**PROBLEM:** Scan the entries for the word "from", and copy every line where it appears.

-------- DATA TO USE

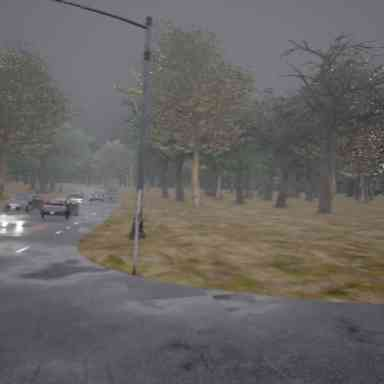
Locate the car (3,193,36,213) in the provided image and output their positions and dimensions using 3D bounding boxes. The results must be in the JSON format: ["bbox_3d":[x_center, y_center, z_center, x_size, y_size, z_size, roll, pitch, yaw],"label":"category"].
[{"bbox_3d":[-13.466,0.824,26.857,2.128,1.511,4.902,3,1,-8],"label":"car"}]

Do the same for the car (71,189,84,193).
[{"bbox_3d":[-17.785,0.309,51.725,1.994,1.385,4.181,3,1,-11],"label":"car"}]

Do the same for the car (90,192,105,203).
[{"bbox_3d":[-12.878,0.657,45.660,2.033,1.411,5.357,3,1,-11],"label":"car"}]

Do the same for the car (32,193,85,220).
[{"bbox_3d":[-9.310,1.086,23.832,2.128,1.511,4.902,3,1,-8],"label":"car"}]
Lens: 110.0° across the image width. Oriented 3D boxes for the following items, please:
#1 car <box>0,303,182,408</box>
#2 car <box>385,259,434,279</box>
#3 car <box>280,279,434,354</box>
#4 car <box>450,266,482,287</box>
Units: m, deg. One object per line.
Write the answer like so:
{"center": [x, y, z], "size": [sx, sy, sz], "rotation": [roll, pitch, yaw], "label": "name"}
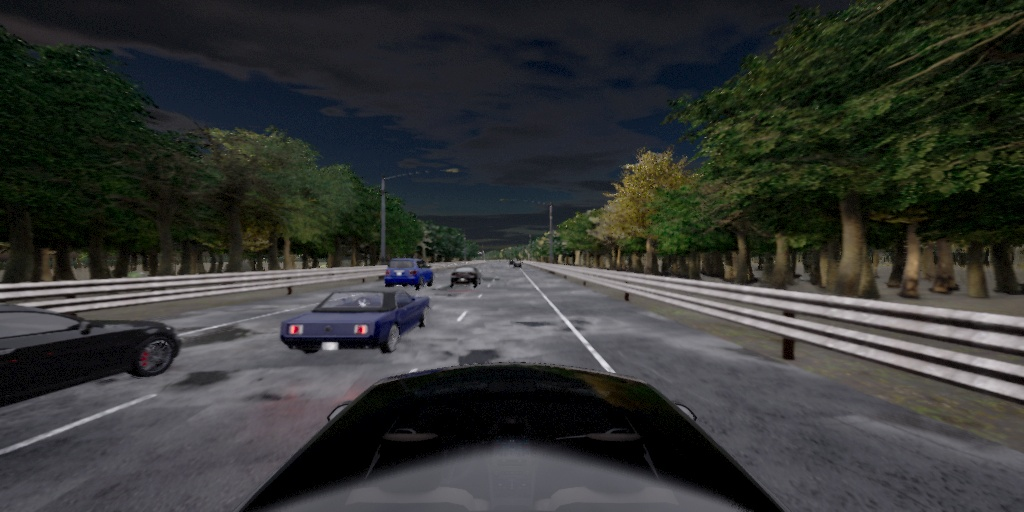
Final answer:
{"center": [-6.900, 1.305, 4.514], "size": [1.812, 1.442, 4.674], "rotation": [0, -1, 0], "label": "car"}
{"center": [-6.893, 1.205, 24.588], "size": [2.150, 2.045, 5.566], "rotation": [0, -1, 0], "label": "car"}
{"center": [-3.398, 1.426, 8.936], "size": [1.895, 1.301, 4.718], "rotation": [0, -1, 0], "label": "car"}
{"center": [-3.392, 1.486, 27.049], "size": [1.882, 1.535, 5.008], "rotation": [0, -1, 0], "label": "car"}
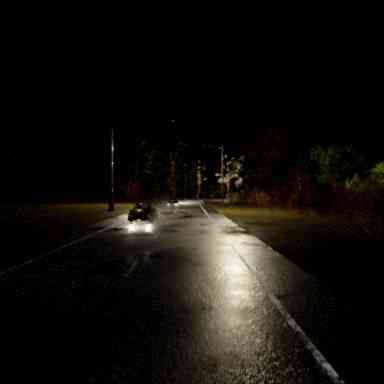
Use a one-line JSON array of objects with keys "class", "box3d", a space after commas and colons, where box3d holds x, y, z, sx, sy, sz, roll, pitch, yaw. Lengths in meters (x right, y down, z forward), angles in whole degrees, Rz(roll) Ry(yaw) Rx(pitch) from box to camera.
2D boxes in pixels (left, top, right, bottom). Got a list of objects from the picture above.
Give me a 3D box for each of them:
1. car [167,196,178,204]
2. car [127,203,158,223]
[{"class": "car", "box3d": [-3.837, 1.581, 66.662, 1.837, 1.490, 4.892, 0, 0, 0]}, {"class": "car", "box3d": [-3.725, 1.597, 25.989, 2.033, 1.411, 5.357, 0, 0, 0]}]
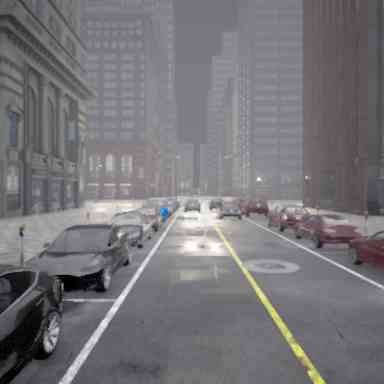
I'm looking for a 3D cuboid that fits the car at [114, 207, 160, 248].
[{"bbox_3d":[-2.737,1.551,14.547,2.008,1.369,4.403,0,0,0],"label":"car"}]

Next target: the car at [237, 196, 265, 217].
[{"bbox_3d":[5.824,1.342,31.442,2.192,1.841,5.009,0,0,0],"label":"car"}]

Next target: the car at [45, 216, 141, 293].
[{"bbox_3d":[-2.749,1.563,8.911,1.947,1.339,4.313,0,0,0],"label":"car"}]

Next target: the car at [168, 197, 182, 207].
[{"bbox_3d":[-2.652,1.589,54.004,2.008,1.369,4.403,0,0,0],"label":"car"}]

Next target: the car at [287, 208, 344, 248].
[{"bbox_3d":[5.788,1.597,14.535,1.802,1.307,4.206,0,0,0],"label":"car"}]

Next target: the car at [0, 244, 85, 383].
[{"bbox_3d":[-2.761,1.562,3.275,1.947,1.339,4.313,0,0,0],"label":"car"}]

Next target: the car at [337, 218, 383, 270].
[{"bbox_3d":[5.776,1.595,8.898,1.802,1.307,4.206,0,0,0],"label":"car"}]

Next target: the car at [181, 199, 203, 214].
[{"bbox_3d":[0.076,1.526,36.410,1.837,1.490,4.892,0,0,0],"label":"car"}]

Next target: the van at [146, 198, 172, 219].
[{"bbox_3d":[-2.713,1.348,25.821,1.690,1.788,3.998,0,0,0],"label":"van"}]

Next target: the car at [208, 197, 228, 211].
[{"bbox_3d":[3.111,1.541,42.303,1.837,1.490,4.892,0,1,1],"label":"car"}]

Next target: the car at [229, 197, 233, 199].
[{"bbox_3d":[5.836,1.347,37.079,2.192,1.841,5.009,0,0,0],"label":"car"}]

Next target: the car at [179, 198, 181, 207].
[{"bbox_3d":[-2.676,1.589,42.731,1.947,1.339,4.313,0,0,0],"label":"car"}]

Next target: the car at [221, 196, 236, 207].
[{"bbox_3d":[5.873,1.493,53.987,1.967,1.590,4.097,0,0,0],"label":"car"}]

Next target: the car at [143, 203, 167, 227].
[{"bbox_3d":[-2.725,1.585,20.185,1.802,1.307,4.206,0,0,0],"label":"car"}]

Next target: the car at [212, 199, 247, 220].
[{"bbox_3d":[3.126,1.567,28.456,2.033,1.411,5.357,0,0,1],"label":"car"}]

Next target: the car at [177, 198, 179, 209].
[{"bbox_3d":[-2.688,1.599,37.094,1.802,1.307,4.206,0,0,0],"label":"car"}]

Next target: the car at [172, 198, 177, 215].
[{"bbox_3d":[-2.701,1.537,31.288,1.752,1.417,4.829,0,0,0],"label":"car"}]

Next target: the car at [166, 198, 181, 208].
[{"bbox_3d":[-2.664,1.597,48.367,1.947,1.339,4.313,0,0,0],"label":"car"}]

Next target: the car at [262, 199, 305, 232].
[{"bbox_3d":[5.800,1.458,20.171,1.967,1.590,4.097,0,0,0],"label":"car"}]
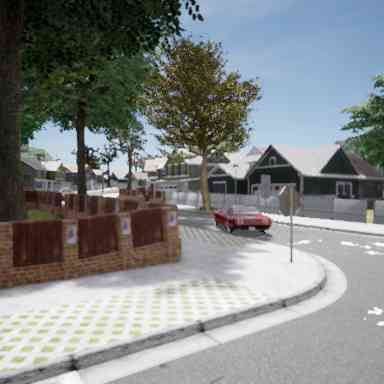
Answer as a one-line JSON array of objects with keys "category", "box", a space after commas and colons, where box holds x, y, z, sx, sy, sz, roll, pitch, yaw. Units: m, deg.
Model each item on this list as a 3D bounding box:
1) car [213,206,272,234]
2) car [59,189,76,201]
[{"category": "car", "box": [2.436, 1.359, 17.511, 1.895, 1.301, 4.718, 1, 1, -9]}, {"category": "car", "box": [-17.756, 0.318, 47.263, 2.097, 1.767, 4.553, 0, 1, -31]}]
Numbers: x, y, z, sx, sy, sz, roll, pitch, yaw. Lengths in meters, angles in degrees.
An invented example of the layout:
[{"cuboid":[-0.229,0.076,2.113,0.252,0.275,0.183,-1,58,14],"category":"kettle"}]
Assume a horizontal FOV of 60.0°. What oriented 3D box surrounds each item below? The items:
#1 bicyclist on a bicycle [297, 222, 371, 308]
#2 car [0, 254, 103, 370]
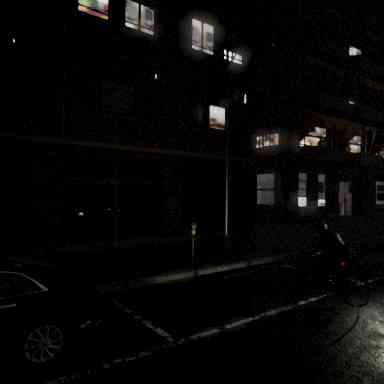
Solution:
[{"cuboid":[2.839,1.457,6.860,0.582,1.620,1.656,0,-2,-36],"category":"bicyclist on a bicycle"},{"cuboid":[-3.354,1.551,4.117,4.403,1.369,2.008,0,1,-36],"category":"car"}]
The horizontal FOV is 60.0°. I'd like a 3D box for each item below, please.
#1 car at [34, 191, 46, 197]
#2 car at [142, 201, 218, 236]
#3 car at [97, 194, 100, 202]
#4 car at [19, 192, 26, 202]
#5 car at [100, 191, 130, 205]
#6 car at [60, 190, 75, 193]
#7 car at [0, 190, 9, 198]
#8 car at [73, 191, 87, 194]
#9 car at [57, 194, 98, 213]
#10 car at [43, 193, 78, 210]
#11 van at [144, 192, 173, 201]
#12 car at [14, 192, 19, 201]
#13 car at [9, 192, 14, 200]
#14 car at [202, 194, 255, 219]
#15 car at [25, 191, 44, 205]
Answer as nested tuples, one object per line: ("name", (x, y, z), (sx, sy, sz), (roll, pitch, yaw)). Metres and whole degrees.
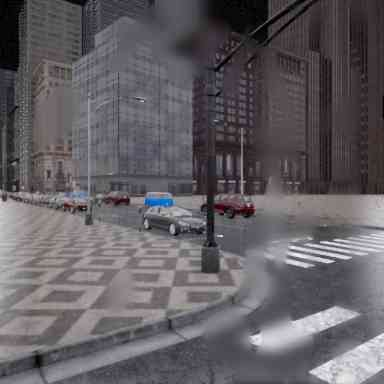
("car", (-38.461, 0.495, 84.155), (1.887, 1.381, 4.507), (0, 0, -36))
("car", (-1.015, 1.366, 16.991), (2.008, 1.369, 4.403), (1, 0, -35))
("car", (-13.094, 0.934, 48.600), (2.008, 1.369, 4.403), (1, 0, -35))
("car", (-23.209, 0.875, 48.100), (2.008, 1.369, 4.403), (1, 0, -35))
("car", (-9.919, 0.765, 44.155), (2.192, 1.841, 5.009), (1, 0, -35))
("car", (-21.860, 0.778, 56.445), (1.812, 1.442, 4.674), (0, 1, -35))
("car", (-39.062, 0.611, 70.319), (1.947, 1.339, 4.313), (1, 0, -36))
("car", (-16.138, 0.967, 48.426), (1.895, 1.301, 4.718), (0, 1, -36))
("car", (-10.526, 1.139, 30.323), (1.887, 1.381, 4.507), (1, 0, -35))
("car", (-13.696, 1.074, 34.766), (2.008, 1.369, 4.403), (1, 0, -35))
("van", (-3.577, 0.930, 35.266), (1.690, 1.788, 3.998), (1, 0, -35))
("car", (-26.377, 0.702, 52.543), (1.967, 1.590, 4.097), (1, 0, -36))
("car", (-29.550, 0.748, 56.987), (1.887, 1.381, 4.507), (1, 0, -36))
("car", (2.765, 1.049, 26.377), (2.192, 1.841, 5.009), (1, 0, -35))
("car", (-20.038, 0.940, 43.655), (2.008, 1.369, 4.403), (1, 0, -36))
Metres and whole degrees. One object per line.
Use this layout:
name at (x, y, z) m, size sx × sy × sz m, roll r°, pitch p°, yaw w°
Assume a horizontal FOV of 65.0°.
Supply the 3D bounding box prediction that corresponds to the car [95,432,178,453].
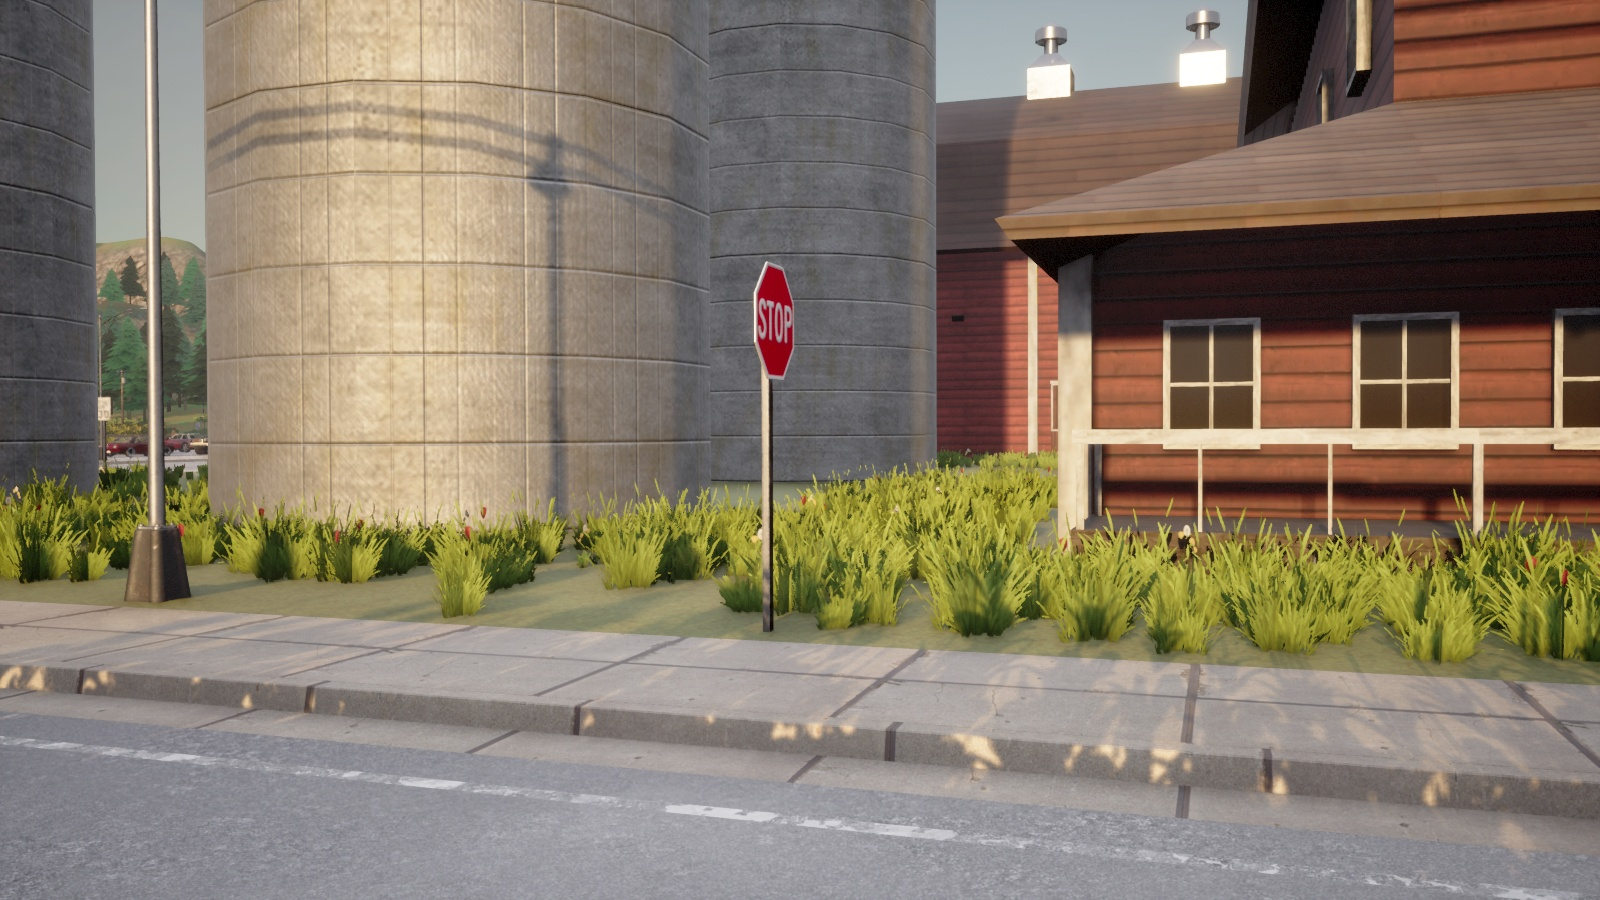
car at (-42.547, -0.523, 80.598) m, size 1.895 × 1.301 × 4.718 m, roll 1°, pitch 1°, yaw 18°
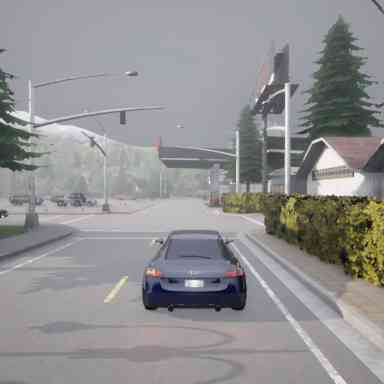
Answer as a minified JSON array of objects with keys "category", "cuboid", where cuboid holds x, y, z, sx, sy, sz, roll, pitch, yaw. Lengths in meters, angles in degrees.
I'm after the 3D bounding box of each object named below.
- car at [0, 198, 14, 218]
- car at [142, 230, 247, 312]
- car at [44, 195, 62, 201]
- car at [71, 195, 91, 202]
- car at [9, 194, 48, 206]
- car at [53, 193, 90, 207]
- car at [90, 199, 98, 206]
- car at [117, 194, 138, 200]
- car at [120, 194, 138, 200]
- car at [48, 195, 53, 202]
[{"category":"car","cuboid":[-16.053,1.356,23.658,5.357,1.411,2.033,0,0,0]},{"category":"car","cuboid":[0.059,1.564,7.798,1.994,1.385,4.181,0,0,1]},{"category":"car","cuboid":[-35.099,1.384,84.005,3.806,1.475,1.970,0,0,-1]},{"category":"car","cuboid":[-24.037,1.320,72.076,3.633,1.501,1.845,0,0,-1]},{"category":"car","cuboid":[-24.659,1.097,49.623,4.605,1.855,1.932,0,0,-1]},{"category":"car","cuboid":[-16.772,1.077,46.383,3.866,1.878,1.905,0,0,-1]},{"category":"car","cuboid":[-16.180,1.361,49.711,3.806,1.475,1.970,0,0,-1]},{"category":"car","cuboid":[-16.433,1.330,83.967,5.027,1.636,2.152,0,0,-1]},{"category":"car","cuboid":[-16.503,1.339,87.104,4.514,1.523,2.007,0,0,-1]},{"category":"car","cuboid":[-24.021,1.298,62.084,4.514,1.523,2.007,0,0,-1]}]
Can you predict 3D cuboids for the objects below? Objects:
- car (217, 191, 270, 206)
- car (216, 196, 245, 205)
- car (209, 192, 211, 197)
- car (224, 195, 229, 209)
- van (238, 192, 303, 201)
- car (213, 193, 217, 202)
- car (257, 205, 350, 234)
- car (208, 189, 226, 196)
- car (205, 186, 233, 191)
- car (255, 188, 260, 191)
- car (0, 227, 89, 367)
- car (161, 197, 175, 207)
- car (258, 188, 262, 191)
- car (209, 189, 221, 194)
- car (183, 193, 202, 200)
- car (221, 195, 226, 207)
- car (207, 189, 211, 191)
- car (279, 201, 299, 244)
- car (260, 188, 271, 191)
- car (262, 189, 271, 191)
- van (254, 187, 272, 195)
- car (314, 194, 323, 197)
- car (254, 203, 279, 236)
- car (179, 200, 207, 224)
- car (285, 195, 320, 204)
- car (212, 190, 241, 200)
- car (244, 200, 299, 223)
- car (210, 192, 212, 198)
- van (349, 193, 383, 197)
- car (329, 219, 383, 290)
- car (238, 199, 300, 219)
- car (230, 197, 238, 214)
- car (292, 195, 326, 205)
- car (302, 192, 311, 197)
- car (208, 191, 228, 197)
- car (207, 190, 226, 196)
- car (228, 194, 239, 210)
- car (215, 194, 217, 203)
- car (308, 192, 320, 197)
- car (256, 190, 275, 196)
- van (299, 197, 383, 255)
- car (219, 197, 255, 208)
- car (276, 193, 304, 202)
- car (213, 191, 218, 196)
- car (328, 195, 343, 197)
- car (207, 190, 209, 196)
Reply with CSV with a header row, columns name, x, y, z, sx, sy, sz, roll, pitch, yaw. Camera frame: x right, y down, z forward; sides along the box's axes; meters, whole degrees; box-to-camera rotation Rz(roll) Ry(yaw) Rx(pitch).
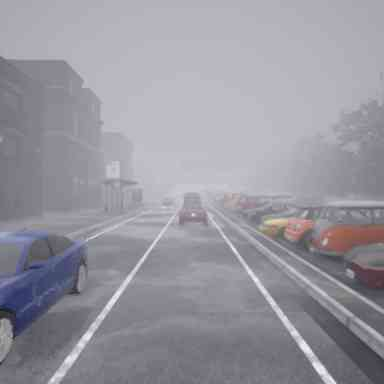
name,x,y,z,sx,sy,sz,roll,pitch,yaw
car,6.332,1.170,41.312,5.566,2.045,2.435,0,0,0
car,6.355,1.351,55.248,4.674,1.452,2.002,0,1,0
car,6.362,1.106,66.388,4.792,1.488,2.163,0,2,0
car,6.470,1.435,35.746,5.366,1.575,1.946,0,0,0
van,6.372,1.238,27.396,4.442,1.987,1.878,0,0,0
car,6.337,1.348,52.458,5.008,1.535,2.097,0,1,0
car,6.229,1.526,19.046,4.674,1.452,2.002,0,0,0
car,6.490,0.183,85.877,4.553,1.767,2.185,0,3,0
car,6.468,0.327,80.306,5.566,2.045,2.435,0,3,0
car,19.542,0.337,86.034,4.674,1.452,2.002,0,3,0
car,-3.351,1.471,5.837,1.882,1.535,5.008,0,0,0
car,-3.428,1.390,48.882,2.033,1.411,5.357,0,1,0
car,19.558,0.473,83.125,4.792,1.488,2.163,0,3,0
car,6.370,0.870,69.170,4.553,1.767,2.185,0,2,0
car,0.028,1.114,41.198,2.150,2.045,5.566,0,0,1
car,6.289,1.430,38.530,5.008,1.535,2.097,0,0,0
car,6.424,0.700,77.530,4.892,1.521,2.231,0,2,0
car,6.175,1.372,13.480,4.553,1.767,2.185,0,0,0
car,19.705,0.571,80.334,5.366,1.575,1.946,0,3,0
car,19.696,0.692,77.541,5.366,1.575,1.946,0,3,0
van,19.432,-0.214,91.472,4.442,1.987,1.878,-1,3,0
car,19.389,1.410,44.216,5.008,1.535,2.097,0,0,0
car,6.031,1.489,16.264,5.366,1.575,1.946,0,0,0
car,0.079,1.516,24.406,1.994,1.385,4.181,0,0,0
car,19.257,1.258,58.161,5.366,1.575,1.946,0,1,0
car,6.403,1.086,60.811,4.553,1.767,2.185,0,1,0
car,6.230,1.478,21.830,5.008,1.535,2.097,0,0,0
car,6.411,1.177,63.602,4.792,1.488,2.163,0,1,0
van,19.248,1.211,35.737,4.442,1.987,1.878,0,0,0
car,6.158,1.538,7.913,4.792,1.488,2.163,0,0,0
car,6.251,1.471,24.613,5.008,1.535,2.097,0,0,0
car,6.271,1.457,30.180,4.892,1.521,2.231,0,0,0
car,19.438,1.307,55.371,5.008,1.535,2.097,0,1,0
car,19.451,1.094,52.579,5.566,2.045,2.435,0,1,0
car,6.444,0.448,83.108,5.008,1.535,2.097,0,3,0
car,6.498,0.192,88.667,4.792,1.488,2.163,0,3,0
car,6.244,1.321,33.088,4.553,1.767,2.185,0,0,0
car,6.328,1.378,49.669,5.008,1.535,2.097,0,0,0
car,19.435,1.271,47.000,4.553,1.767,2.185,0,0,0
car,19.552,0.191,88.815,4.674,1.452,2.002,0,3,0
van,6.080,1.277,10.759,4.442,1.987,1.878,0,0,0
car,6.294,1.429,46.882,4.792,1.488,2.163,0,0,0
car,19.465,1.074,66.393,4.892,1.521,2.231,0,2,0
car,6.393,1.140,58.032,4.553,1.767,2.185,0,1,0
car,19.346,1.177,38.522,5.566,2.045,2.435,0,0,0
car,6.391,0.839,74.754,4.792,1.488,2.163,0,2,0

----------------

**YOUR RESPONSE:**
Use a one-line JSON array of objects with keys "class", "box3d", a space after commas and colons, where box3d holds x, y, z, sx, sy, sz, roll, pitch, yaw. Lengths in meters (x right, y down, z forward), angles in whole degrees, Rz(roll) Ry(yaw) Rx(pitch) from box to camera.
2D boxes in pixels (left, top, right, bottom). Got a list of objects from the picture above.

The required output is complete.